Вот ведь ужас-то!

Так что когда Делорс поднимает голову, чтобы взглянуть на меня, она скорее похожа на дерзкую четырнадцатилетнюю девчонку, чем на мою самую старшую сестру. Это четырнадцатилетнее личико прожигает меня взглядом.

– Шонда.

Вот и все, что она говорит. Но это говорится с такой уверенностью…

Поэтому я выпаливаю:

– Мать-одиночка!

Ну, это уже бесстыдство. И вы, и я это знаем. Ибо хотя определение «мать-одиночка» формально мне подходит – я мать, и я одиночка, – зато не подходит мне его культурный и обиходный смысл.
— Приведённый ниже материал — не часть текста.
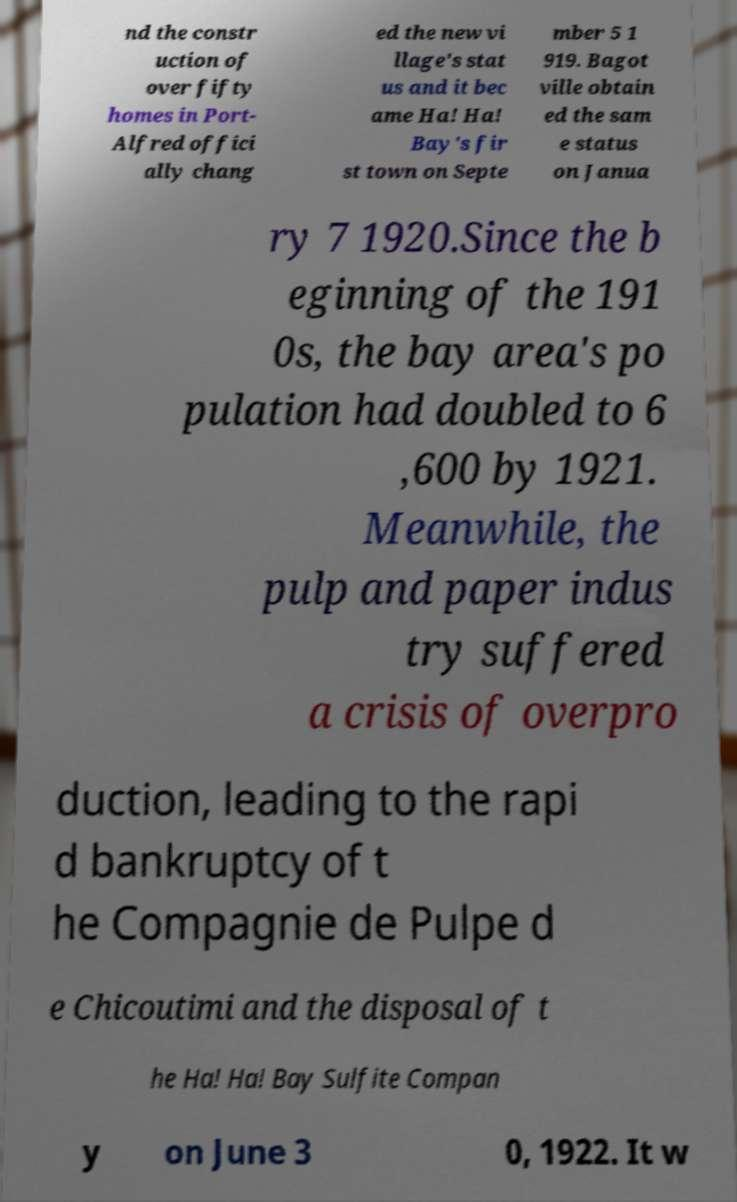There's text embedded in this image that I need extracted. Can you transcribe it verbatim? nd the constr uction of over fifty homes in Port- Alfred offici ally chang ed the new vi llage's stat us and it bec ame Ha! Ha! Bay's fir st town on Septe mber 5 1 919. Bagot ville obtain ed the sam e status on Janua ry 7 1920.Since the b eginning of the 191 0s, the bay area's po pulation had doubled to 6 ,600 by 1921. Meanwhile, the pulp and paper indus try suffered a crisis of overpro duction, leading to the rapi d bankruptcy of t he Compagnie de Pulpe d e Chicoutimi and the disposal of t he Ha! Ha! Bay Sulfite Compan y on June 3 0, 1922. It w

Пытаясь присвоить этот термин, словно я – нищая мамаша, изо всех сил пытающаяся прокормить семью, я поступаю как задница. Я это знаю. И знаете, что ужасно? Делорс тоже это знает.

Мне нужно положить конец этому разговору. Я поднимаю брови и натягиваю свою командирскую маску. Ту, которую надеваю в офисе, когда мне нужно, чтобы все перестали со мной спорить.
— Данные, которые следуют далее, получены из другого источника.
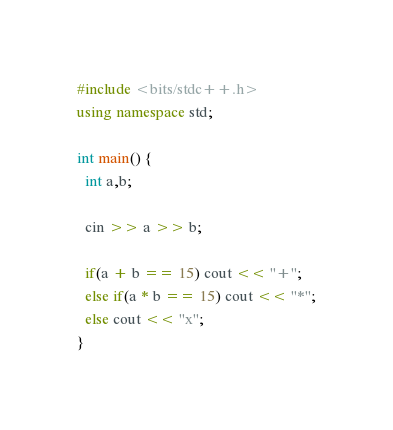<code> <loc_0><loc_0><loc_500><loc_500><_C++_>#include <bits/stdc++.h>
using namespace std;

int main() {
  int a,b;
  
  cin >> a >> b;
  
  if(a + b == 15) cout << "+";
  else if(a * b == 15) cout << "*";
  else cout << "x";
}</code>

Сестре на мою командирскую маску плевать. Но она снова берется за нож, возвращаясь к нарезке.

– Помой сельдерей, – велит она мне.

И я мою сельдерей. Каким-то образом запах сельдерея, движения рук в раковине, радость Эмерсон, расплюхивающей ладошками воду по кухонному столу, – все это убаюкивает меня, внушая ложное чувство защищенности.

И поэтому я оказываюсь неподготовленной.

Я поворачиваюсь. Протягиваю ей мокрый чистый сельдерей. И удивляюсь, когда, продолжая рубить зелень, Делорс начинает говорить:

– Ты – одиночка и мать, но ты не мать-одиночка. Я живу от тебя в пяти кварталах. Сэнди – в четырех. Твои родители живут в сорока минутах езды и всегда с радостью посидят с детьми. У тебя есть буквально лучшая няня в мире. У тебя три изумительные близкие подруги, которые с готовностью помогут тебе в любую минуту. Ты окружена родственниками и друзьями, которые тебя любят, людьми, которые хотят, чтобы ты была счастлива. Ты сама себе хозяйка – твоя работа требует от тебя только такой занятости, которой ты сама хочешь. Но ты никогда не занимаешься ничем, кроме работы. Ты никогда не веселишься. А ведь когда-то ты очень любила повеселиться. Теперь на тебя сыплются все эти замечательные возможности – шансы, которые бывают раз в жизни, – и ты ни одним из них не пользуешься. Почему?

Мне неуютно. Я меняю позу. По какой-то причине мне все это не нравится. Мне в этом разговоре вообще все не нравится. Моя жизнь прекрасна. Моя жизнь великолепна. В смысле – оглянись вокруг!

Погляди!

Я… счастлива.

Вроде как.

Вроде как счастлива.

Типа того.

Не лезь не в свое дело, Делорс. Ты меня раздражаешь, Делорс. Людям не полагается быть Бенджаминами Баттонами[6], так что твое личико – явный результат сделки с Сатаной, Делорс! Знаешь что, Делорс? Ты воняешь как какашка!

Но я ничего этого не говорю. Просто долго стою на одном месте. Наблюдаю, как она рубит овощи. И наконец отвечаю. Вложив в голос нужное количество небрежного высокомерия:

– Да ну тебя на фиг.

А потом отворачиваюсь, надеясь тем самым показать, что разговор окончен. Я направляюсь к креслам и диванам, где осторожно сгружаю задремавшую Беккетт в плетеную колыбельку. Укладываю Эмерсон на пеленальный столик, чтобы сменить подгузник. Через минуту я поднимусь на второй этаж и попытаюсь найти незамызганную блузку, чтобы переодеться к ужину. Свежий подгузник надет. Я сажаю Эмерсон себе на бок, укладываю ее головку на свое плечо, и мы поворачиваемся лицом к сестре, когда я направляюсь к лестнице. И вот тогда-то она их и говорит. Эти шесть слов.

Бормочет. Почти неслышно.

Заканчивая рубить репчатый лук.

Шесть ошеломительных слов.

– Ты никогда ничему не говоришь «да».

На одно мгновение время останавливается. Становится ясным застывшим моментом, который я никогда не забуду. Одной из картин, которые никогда не будут сняты со стены моего сознания. Моя сестра одета в коричневый худи, волосы стянуты в аккуратный пучок на затылке. Она стоит у стола с ножом в руке, с опущенной головой, и перед ней на столе растет на разделочной доске маленькая горка нарубленного белого лука.